I always loved this on the main page for RetroArch.

It’d be awesome if there was just a way to do an OS X build that created the old style binary to keep RetroArch useful for these types of things. I’ll create an issue on the repo.

CLI being broken is bad. Looking here https://github.com/libretro/RetroArch/b … platform.m, it might be possible to place your arguments after two – … Not sure what the purpose for that is though, but worth a try.

Take this up with Apple. It does not want anything to do with the commandline.

http://stackoverflow.com/questions/1308 … mmand-line

Instead, applications are encouraged to support Apple Events. You can do things like ROM loading by dragging a ROM (or any other content) over the dock app icon (when this event is properly implemented). It can also be used with Apple’s Automater tools. I’ll make sure most of the important Apple Events are supported later on.

What you could try is specifying the binary inside the .app bundle with ‘open’ and seeing if you can pass commands to it that way.

The plain-jane port might well have been ‘unique’, but I don’t think being ‘unique’ on a platform that is all abouet conformance is a really good idea. The OSX port before was terribly out of place in comparison to other OSX apps and it put us in a very bad position to actually build a decent userbase. The new version shares a lot of common code with the iOS port and performance-wise it’s great - plus it has better backwards compatibility than something like OpenEmu (goes back to at least 10.6 Snow Leopard, and I’m trying to make it 10.5 compatible right now as well for my iBook G4). So I think there is a lot to recommend it there. I don’t put my eggs in the OpenEmu basket anyway since it doesn’t have a real libretro player implementation and it doesn’t have the kind of backwards compatibility that I need anyway. So we needed a really solid OSX version for RetroArch. And it also has things now like CoreLocation support (for the location API) - due to be expanded soon with CoreVideo support or whatever the camera API is called.

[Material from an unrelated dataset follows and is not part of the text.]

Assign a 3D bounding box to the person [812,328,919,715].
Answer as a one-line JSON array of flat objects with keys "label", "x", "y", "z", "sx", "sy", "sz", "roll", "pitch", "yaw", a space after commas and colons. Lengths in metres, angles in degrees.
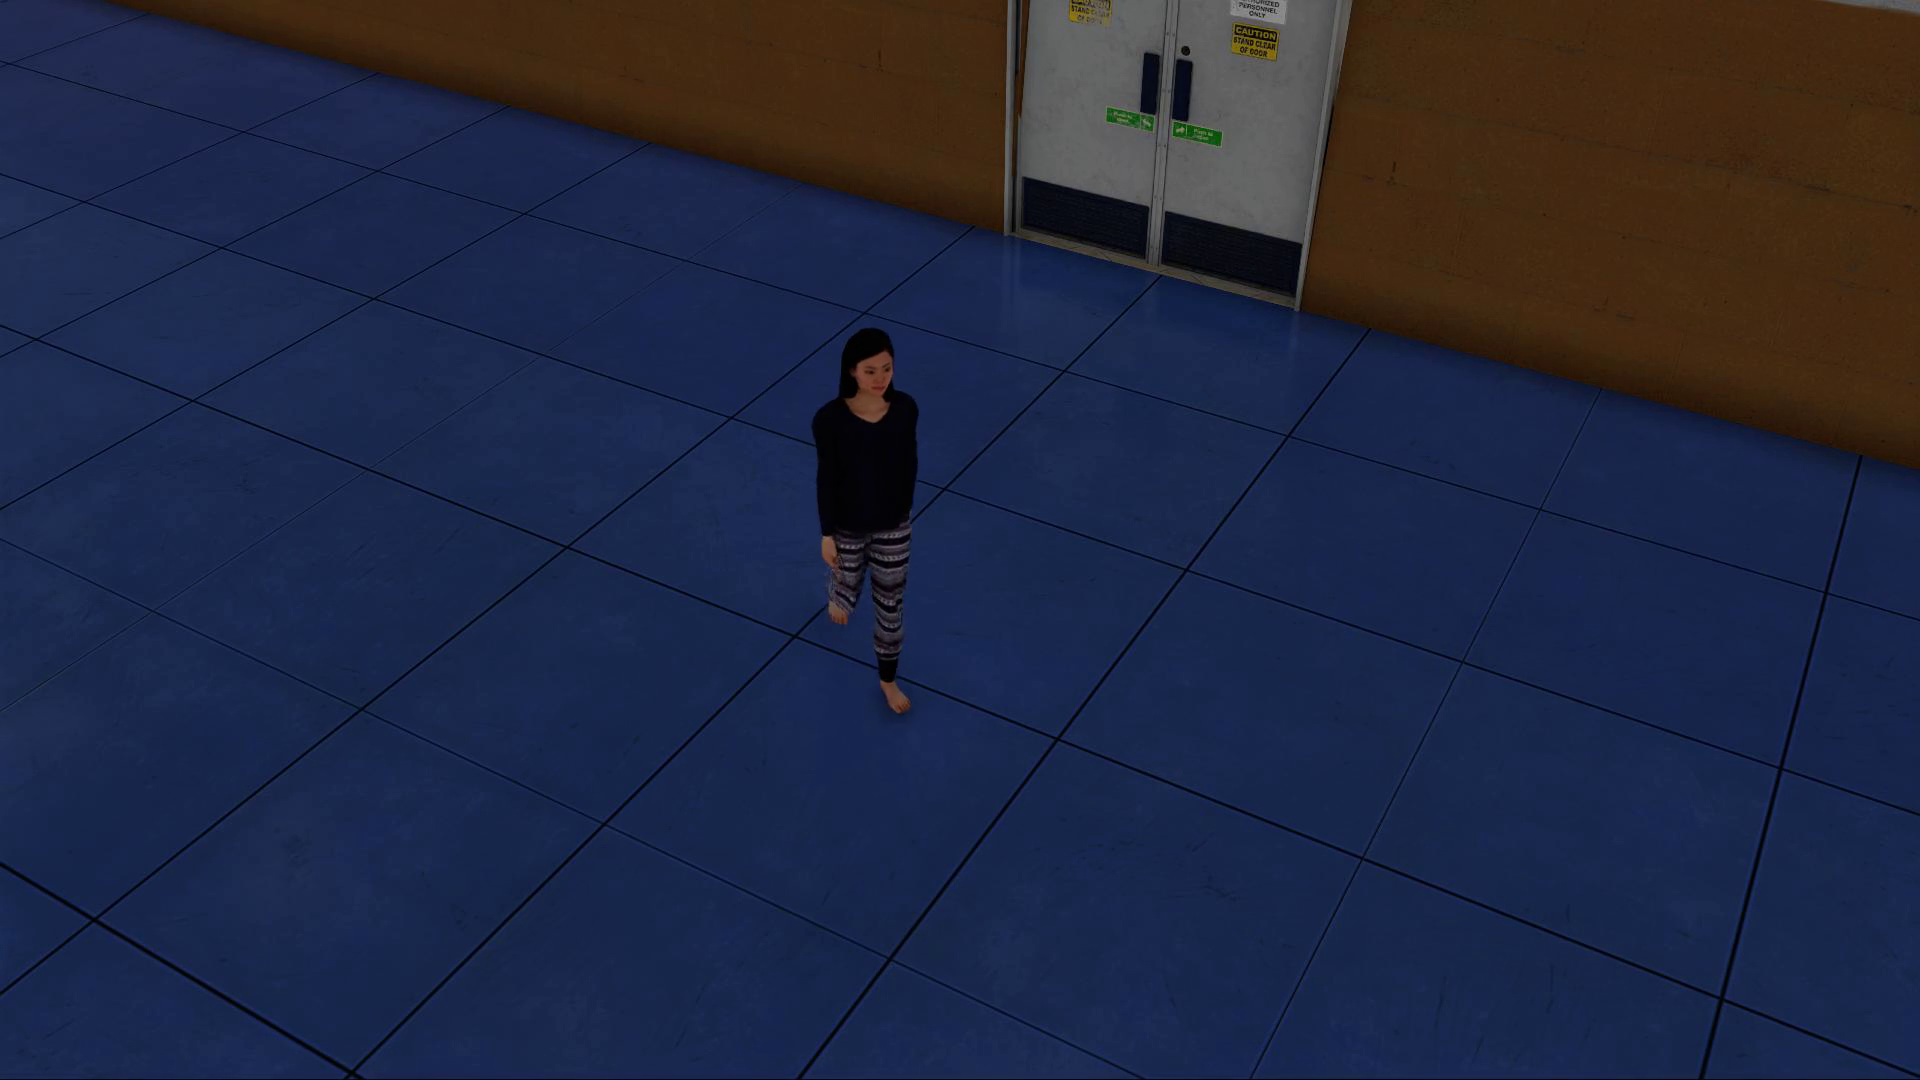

And I don’t really like the OpenEmu comparisons anyway - it really sounds like people are strongarming other projects into not putting in a solid effort on the OSX front just because of that thing. RetroArch is not going to be only about emulation and I don’t consider RetroArch to have any competitors the direction I’m going with it - at all. So just going ‘let’s make it ultra-niche’ for the sake of it is dumb - and that is what that plain-jane port would guarantee in terms of userbase. You simply can’t have a ‘command-line driven’ program on OSX if you don’t want to get laughed out of the room by those Mac users - and it’s been a long time since RetroArch was predominantly about the commandline anyway (on that note, I’d hope the text on Themaister’s Den gets redirected to a simple link to libretro.com and instead we write some better explanation about what RetroArch and libretro is about instead of the kind of ‘nonsense’ talk on libretro.com right now about it being a ‘powerful engine’ - ye, I know that is my fault - I tried to make it more ‘accessible’ in terms of language to people but it really looks disingenuous anyway so I guess we have to be more factual in terms of explanation without totally dumbing it down like that).

Also, what I like about the new port is that it has zero dependencies. Contrast this with the old version that relied on a shitload of dependencies from Macports (goddamn does that thing hog a lot of harddrive space - 30 to 40GB wasted is no exaggeration), then Nvidia’s Cg toolkit (deprecated now anyway). The average noob would have no idea what to do with it really. On the other hand, everybody knows how to compile stuff from Xcode.

Overall, I think it’s infinitely superior to what came before.

Doesn’t look like you can append commandline switches to a binary inside an app bundle. Already tried it with both ‘open’ and without and it doesn’t really respond.

So the best we can do is just supporting as many Apple Events as possible - then maybe you could fall back on something like Automator to do the scripting with instead for your frontend.

Apple just seems to not care one iota about commandline usage these days - so given that this tries to be a ‘native’ port, I think it’s best if we don’t care for this platform either if the platform holder can’t bother to care about it either.